- **What to do**: Word for word, restate the lines from the one holding "Also the cardboard box at [511, 45, 607, 108]." through the last line of the material below, and leave every picture out.

- **Supplied material**:
────────────────
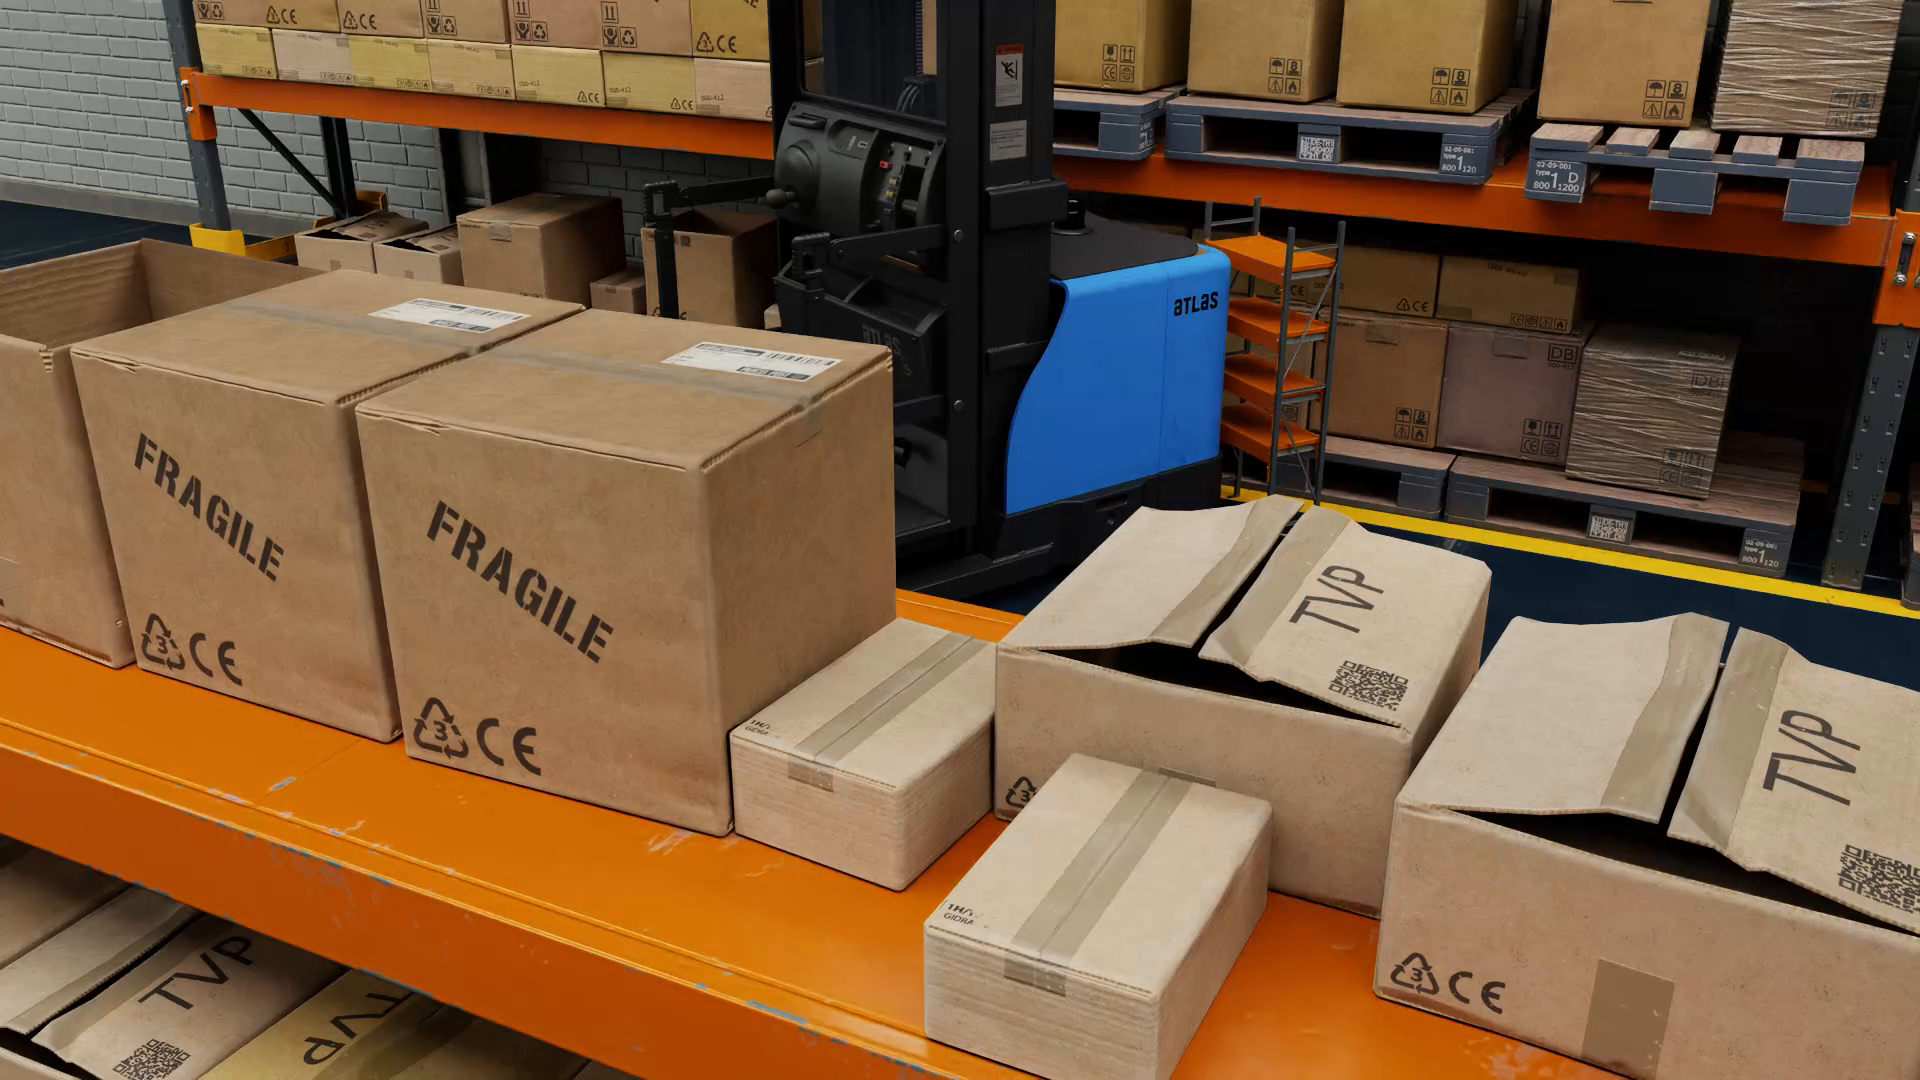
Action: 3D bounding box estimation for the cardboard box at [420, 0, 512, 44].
[{"bbox_3d":[-2.171,-2.618,7.781,0.500,0.500,0.500,12,26,26],"label":"cardboard box"}]

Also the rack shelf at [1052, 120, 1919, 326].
[{"bbox_3d":[1.532,-1.403,6.635,4.000,0.370,1.077,11,25,25],"label":"rack shelf"}]

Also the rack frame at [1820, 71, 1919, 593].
[{"bbox_3d":[3.317,-1.381,5.663,0.127,3.000,1.000,11,25,25],"label":"rack frame"}]

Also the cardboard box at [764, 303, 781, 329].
[{"bbox_3d":[-0.744,-1.070,7.990,0.250,0.166,0.380,8,24,18],"label":"cardboard box"}]

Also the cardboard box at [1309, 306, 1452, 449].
[{"bbox_3d":[1.787,-0.751,6.815,0.500,0.500,0.700,11,25,24],"label":"cardboard box"}]

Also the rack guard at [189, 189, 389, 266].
[{"bbox_3d":[-3.755,-1.629,9.443,0.348,0.500,1.175,11,25,25],"label":"rack guard"}]

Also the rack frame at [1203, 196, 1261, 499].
[{"bbox_3d":[1.011,-0.708,6.381,0.240,1.200,0.015,-11,26,-25],"label":"rack frame"}]

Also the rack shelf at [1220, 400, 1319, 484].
[{"bbox_3d":[1.123,-0.378,6.285,0.258,0.148,0.480,-11,26,-25],"label":"rack shelf"}]

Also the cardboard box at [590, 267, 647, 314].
[{"bbox_3d":[-1.671,-1.267,8.477,0.250,0.149,0.380,9,25,20],"label":"cardboard box"}]

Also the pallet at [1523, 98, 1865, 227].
[{"bbox_3d":[2.633,-1.381,5.909,1.003,0.211,1.213,11,25,25],"label":"pallet"}]

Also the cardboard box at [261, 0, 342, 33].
[{"bbox_3d":[-3.095,-2.798,8.205,0.500,0.500,0.500,11,26,25],"label":"cardboard box"}]

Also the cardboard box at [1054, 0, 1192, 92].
[{"bbox_3d":[0.682,-2.132,6.741,0.500,0.500,0.700,14,27,30],"label":"cardboard box"}]

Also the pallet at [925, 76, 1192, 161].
[{"bbox_3d":[0.364,-1.813,6.925,1.213,0.211,1.003,11,25,25],"label":"pallet"}]

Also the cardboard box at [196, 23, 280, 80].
[{"bbox_3d":[-3.530,-2.536,8.547,0.500,0.250,0.500,10,25,23],"label":"cardboard box"}]

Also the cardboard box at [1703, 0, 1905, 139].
[{"bbox_3d":[2.893,-1.709,5.745,0.500,0.500,0.700,8,24,18],"label":"cardboard box"}]

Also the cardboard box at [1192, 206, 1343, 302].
[{"bbox_3d":[1.272,-1.193,6.896,0.500,0.250,0.500,10,25,23],"label":"cardboard box"}]

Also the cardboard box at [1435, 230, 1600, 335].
[{"bbox_3d":[2.170,-1.009,6.464,0.500,0.250,0.500,12,26,26],"label":"cardboard box"}]

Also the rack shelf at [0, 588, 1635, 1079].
[{"bbox_3d":[-0.700,0.328,2.565,4.000,0.370,1.077,11,25,25],"label":"rack shelf"}]

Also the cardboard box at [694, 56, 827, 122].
[{"bbox_3d":[-0.812,-2.005,7.297,0.500,0.250,0.500,11,26,25],"label":"cardboard box"}]

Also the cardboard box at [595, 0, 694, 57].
[{"bbox_3d":[-1.262,-2.434,7.348,0.500,0.500,0.500,11,25,24],"label":"cardboard box"}]

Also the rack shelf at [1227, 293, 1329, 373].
[{"bbox_3d":[1.123,-0.767,6.120,0.258,0.148,0.480,-11,26,-25],"label":"rack shelf"}]

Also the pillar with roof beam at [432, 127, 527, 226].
[{"bbox_3d":[-4.750,-4.229,4.695,0.400,9.000,9.100,11,25,25],"label":"pillar with roof beam"}]

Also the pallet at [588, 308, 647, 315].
[{"bbox_3d":[-1.961,-1.125,8.625,1.213,0.211,1.003,11,25,25],"label":"pallet"}]

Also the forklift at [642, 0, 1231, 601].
[{"bbox_3d":[-0.509,-1.207,5.342,3.031,2.935,1.130,-16,28,-32],"label":"forklift"}]

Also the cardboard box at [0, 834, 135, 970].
[{"bbox_3d":[-1.784,0.708,3.012,0.500,0.311,0.500,11,25,24],"label":"cardboard box"}]

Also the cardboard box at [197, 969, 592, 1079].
[{"bbox_3d":[-0.856,0.889,2.587,0.500,0.311,0.500,12,26,26],"label":"cardboard box"}]

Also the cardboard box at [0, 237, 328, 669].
[{"bbox_3d":[-1.336,-0.168,2.684,0.500,0.500,0.500,13,26,28],"label":"cardboard box"}]

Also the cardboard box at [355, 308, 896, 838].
[{"bbox_3d":[-0.420,0.014,2.257,0.500,0.500,0.500,10,25,22],"label":"cardboard box"}]

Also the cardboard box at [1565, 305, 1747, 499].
[{"bbox_3d":[2.651,-0.542,6.323,0.500,0.500,0.700,12,26,25],"label":"cardboard box"}]

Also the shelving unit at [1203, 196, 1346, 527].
[{"bbox_3d":[1.123,-0.623,6.181,0.258,1.200,0.503,-11,26,-25],"label":"shelving unit"}]

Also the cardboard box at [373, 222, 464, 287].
[{"bbox_3d":[-2.737,-1.504,8.827,0.500,0.311,0.500,14,27,29],"label":"cardboard box"}]

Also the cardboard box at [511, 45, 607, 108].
[{"bbox_3d":[-1.709,-2.179,7.707,0.500,0.250,0.500,11,25,24],"label":"cardboard box"}]

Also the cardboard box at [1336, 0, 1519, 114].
[{"bbox_3d":[1.771,-1.921,6.244,0.500,0.500,0.700,11,25,25],"label":"cardboard box"}]

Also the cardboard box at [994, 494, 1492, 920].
[{"bbox_3d":[0.374,0.166,2.142,0.500,0.311,0.500,11,25,24],"label":"cardboard box"}]

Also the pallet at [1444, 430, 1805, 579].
[{"bbox_3d":[2.620,-0.236,6.535,1.213,0.211,1.003,11,25,25],"label":"pallet"}]

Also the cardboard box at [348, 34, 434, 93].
[{"bbox_3d":[-2.608,-2.358,8.127,0.500,0.250,0.500,11,25,24],"label":"cardboard box"}]
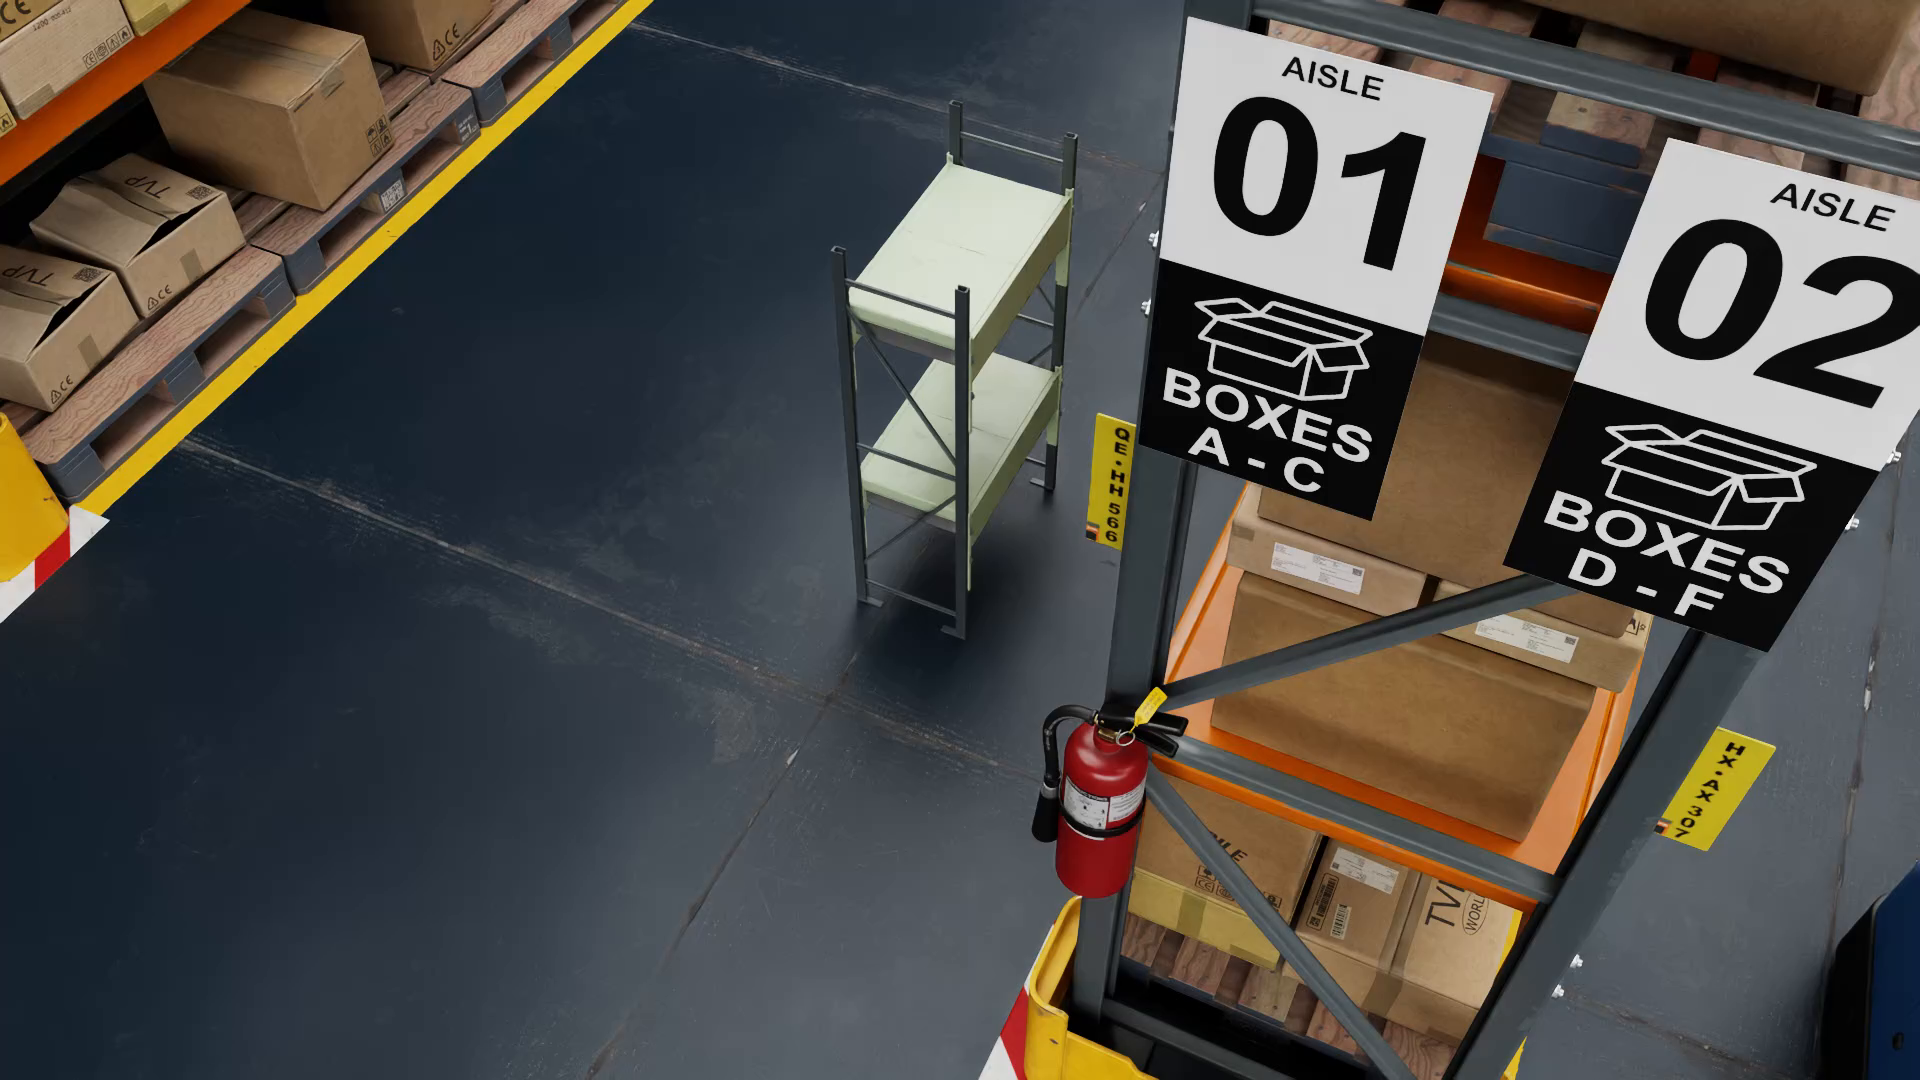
────────────────
- **Answer box**:
Also the cardboard box at [511, 45, 607, 108].
[{"bbox_3d":[-1.709,-2.179,7.707,0.500,0.250,0.500,11,25,24],"label":"cardboard box"}]

Also the cardboard box at [1336, 0, 1519, 114].
[{"bbox_3d":[1.771,-1.921,6.244,0.500,0.500,0.700,11,25,25],"label":"cardboard box"}]

Also the cardboard box at [994, 494, 1492, 920].
[{"bbox_3d":[0.374,0.166,2.142,0.500,0.311,0.500,11,25,24],"label":"cardboard box"}]

Also the pallet at [1444, 430, 1805, 579].
[{"bbox_3d":[2.620,-0.236,6.535,1.213,0.211,1.003,11,25,25],"label":"pallet"}]

Also the cardboard box at [348, 34, 434, 93].
[{"bbox_3d":[-2.608,-2.358,8.127,0.500,0.250,0.500,11,25,24],"label":"cardboard box"}]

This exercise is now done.